Re: YAC: Widse -- a conlang based on Ygyde
From: | Christophe Grandsire <christophe.grandsire@...> |
Date: | Wednesday, January 29, 2003, 10:43 |
En réponse à Tristan <kesuari@...>:
> (I tried sending this message with a different email client yesterday
> and it never seemed to get through. If it did and I just never saw it
> or
> any responses to it, my apologies.)
>
It's the only copy of this message I've received so far, so indeed it seems it
didn't get through.
>
> (bsa-Idsiem /feim/ is the past tense of dsiem /ji~:/, meaning 'to
> write'. The derive from 'eba idyme' and 'idyme', respectively.)
>
Well, you seem to have an extreme taste in onset reduction ;)))) .
>
> But I mean, take a look at 'ida o ilu'.* It becomes 'dsoilu' /v\y/ (if
> that isn't a wasteful orthography, I don't know what is).

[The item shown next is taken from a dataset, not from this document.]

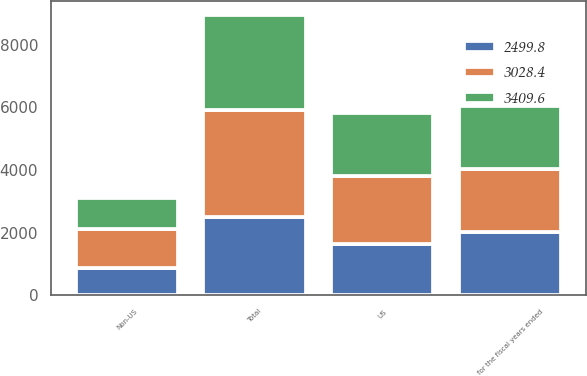Convert chart to OTSL. <chart><loc_0><loc_0><loc_500><loc_500><stacked_bar_chart><ecel><fcel>for the fiscal years ended<fcel>US<fcel>Non-US<fcel>Total<nl><fcel>2499.8<fcel>2016<fcel>1641.7<fcel>858.1<fcel>2499.8<nl><fcel>3409.6<fcel>2015<fcel>2026.4<fcel>1002<fcel>3028.4<nl><fcel>3028.4<fcel>2014<fcel>2160.8<fcel>1248.8<fcel>3409.6<nl></chart>

Now, if we
> add
> rolosofimabelaka to the end, so we have 'ida o ilurolosofimabelaka',
> this would end up becoming something like /De:s`o~:foug/ or
> /Te:Cr\`o~:fouk/, partly because I enjoy metathesis, but mainly
> because
> I've already have too many rules from the creation of words like Jaug,
> iIjaug and Mefe and the pronouns. (And yes, I had considered the
> delete-interconsonantal-high-vowels rule.)
>
And also partly because you're as evil as I am ;))) <Mwahahahahaha!!!> .
> * The I's may or may not be Y's. It doesn't matter; they behave
> identically. Any language stupid enough to distinguish /I/ and /i/ by
> nothing more than the fact that one's [I] and the other [i] gets only
> what it deserves, and Ygyde is stupid enough to do that.
>
LOL.
> Anyway, a creole means I can have not one, not two, but fourty-five
> thousand, three hundred and sixty-nine different -ough-like things
> floating around my language.
Well, even without a creole you probably can do it ;) .
(At least. If I get a trapezoidal tuit.
> Round tuits just don't cut it any more.)
>
What's a tuit?
>
> Oh? What's so special about Tibetan?
>
Basically, Tibetan is what happens when you didn't have any spelling reform in
the last thousand years ;))))) . Tibetan is written with wild-looking consonant
clusters, while its syllable structure is today more like CVC and a tone. And
the shape of the consonant clusters, according to extremely complicated rules,
indicates both the actual pronunciation of the consonants as well as the
tone :) .
>
> Okay, maybe the rule is 'Anything you can think up, some natlang out
> there's already thought of and done it ten-times worse or ten natlangs
> have thought it up and done it much the same as you'. Or maybe they're
> just pre-historic languages. Who knows, maybe the Japanese invent a
> time
> machine and go back in time and spread their language and
> Pre-Nostratic
> is really some deviant form of Japanese?
>
Hehe, maybe Proto-World is! That would be a funny answer to the problem of
language genesis (and who knows, this Proto-World could be one of our
conlangs ;)))))) ).
Christophe.
http://rainbow.conlang.free.fr
Take your life as a movie: do not let anybody else play the leading role.